Effects of amino acid substitutions at four fully buried sites of the ubiquitin molecule on the thermodynamic parameters (enthalpy, Gibbs energy) of unfolding were evaluated experimentally using differential scanning calorimetry. The same set of substitutions has been incorporated at each of four sites. These substitutions have been designed to perturb packing (van der Waals) interactions, hydration, and/or hydrogen bonding. From the analysis of the thermodynamic parameters for these ubiquitin variants we conclude that: (i) packing of non-polar groups in the protein interior is favorable and is largely defined by a favorable enthalpy of van der Waals interactions. The removal of one methylene group from the protein interior will destabilize a protein by approximately 5 kJ/mol, and will decrease the enthalpy of a protein by 12 kJ/mol. (ii) Burial of polar groups in the non-polar interior of a protein is highly destabilizing, and the degree of destabilization depends on the relative polarity of this group. For example, burial of Thr side-chain in the non-polar interior will be less destabilizing than burial of Asn side-chain. This decrease in stability is defined by a large enthalpy of dehydration of polar groups upon burial. (iii) The destabilizing effect of dehydration of polar groups upon burial can be compensated if these buried polar groups form hydrogen bonding. The enthalpy of this hydrogen bonding will compensate for the unfavorable dehydration energy and as a result the effect will be energetically neutral or even slightly stabilizing.
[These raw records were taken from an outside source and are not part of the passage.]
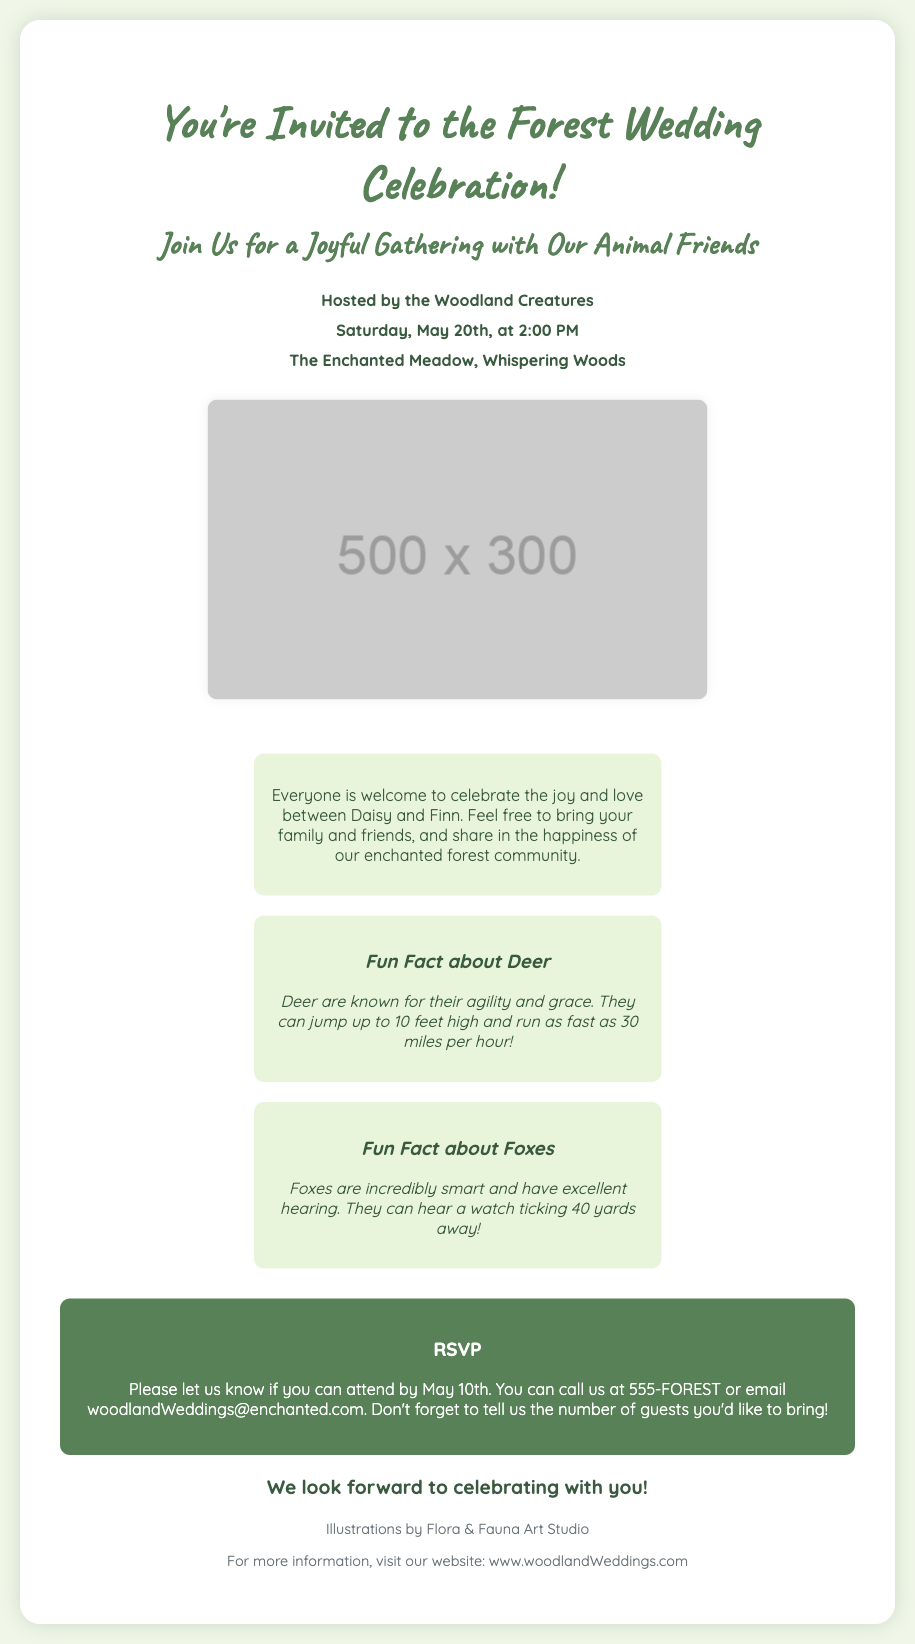What is the event being celebrated? The event being celebrated is a wedding, as indicated in the invitation.
Answer: Wedding Who are the hosts of the celebration? The hosts of the celebration are mentioned in the invitation.
Answer: Woodland Creatures What is the date of the wedding celebration? The specific date of the celebration is noted in the invitation.
Answer: Saturday, May 20th What is the location of the event? The invitation specifies the location where the celebration will take place.
Answer: The Enchanted Meadow, Whispering Woods How many fun facts are included about animals? The document lists the number of fun facts provided.
Answer: Two What animal is Daisy associated with? The invitation refers to a character named Daisy, who is presumably a deer based on the animal-related facts.
Answer: Deer What should guests do by May 10th? The invitation specifies an action that guests are required to complete by this date.
Answer: RSVP What is the email address for RSVPs? The invitation provides an email address to contact for RSVPs.
Answer: woodlandWeddings@enchanted.com What type of illustrations are featured in the invitation? The document describes the type of illustrations included in the wedding invitation.
Answer: Charming and child-friendly illustrations of forest animals 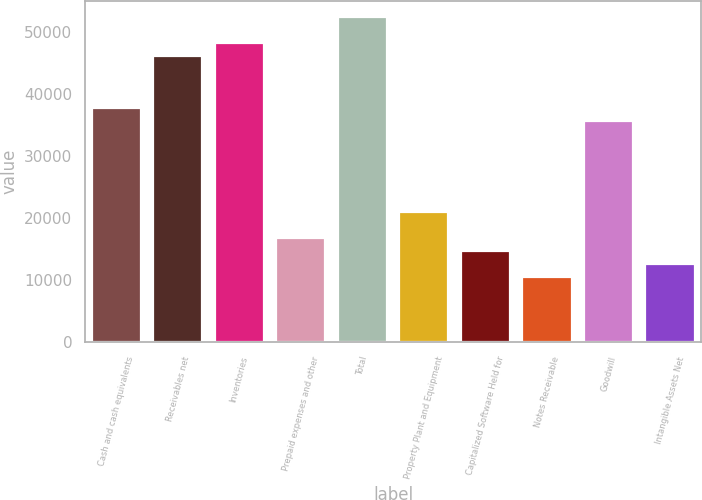<chart> <loc_0><loc_0><loc_500><loc_500><bar_chart><fcel>Cash and cash equivalents<fcel>Receivables net<fcel>Inventories<fcel>Prepaid expenses and other<fcel>Total<fcel>Property Plant and Equipment<fcel>Capitalized Software Held for<fcel>Notes Receivable<fcel>Goodwill<fcel>Intangible Assets Net<nl><fcel>37752.6<fcel>46141.4<fcel>48238.6<fcel>16780.6<fcel>52433<fcel>20975<fcel>14683.4<fcel>10489<fcel>35655.4<fcel>12586.2<nl></chart>

Removal of surface charge-charge interactions from ubiquitin leaves the protein folded and very stable.

The contribution of solvent-exposed charged residues to protein stability was evaluated using ubiquitin as a model protein. We combined site-directed mutagenesis and specific chemical modifications to first replace all Arg residues with Lys, followed by carbomylation of Lys-amino groups. Under the conditions in which all carboxylic groups are protonated (at pH 2), the chemically modified protein is folded and very stable (DeltaG = 18 kJ/mol). These results indicate that surface charge-charge interactions are not an essential fundamental force for protein folding and stability.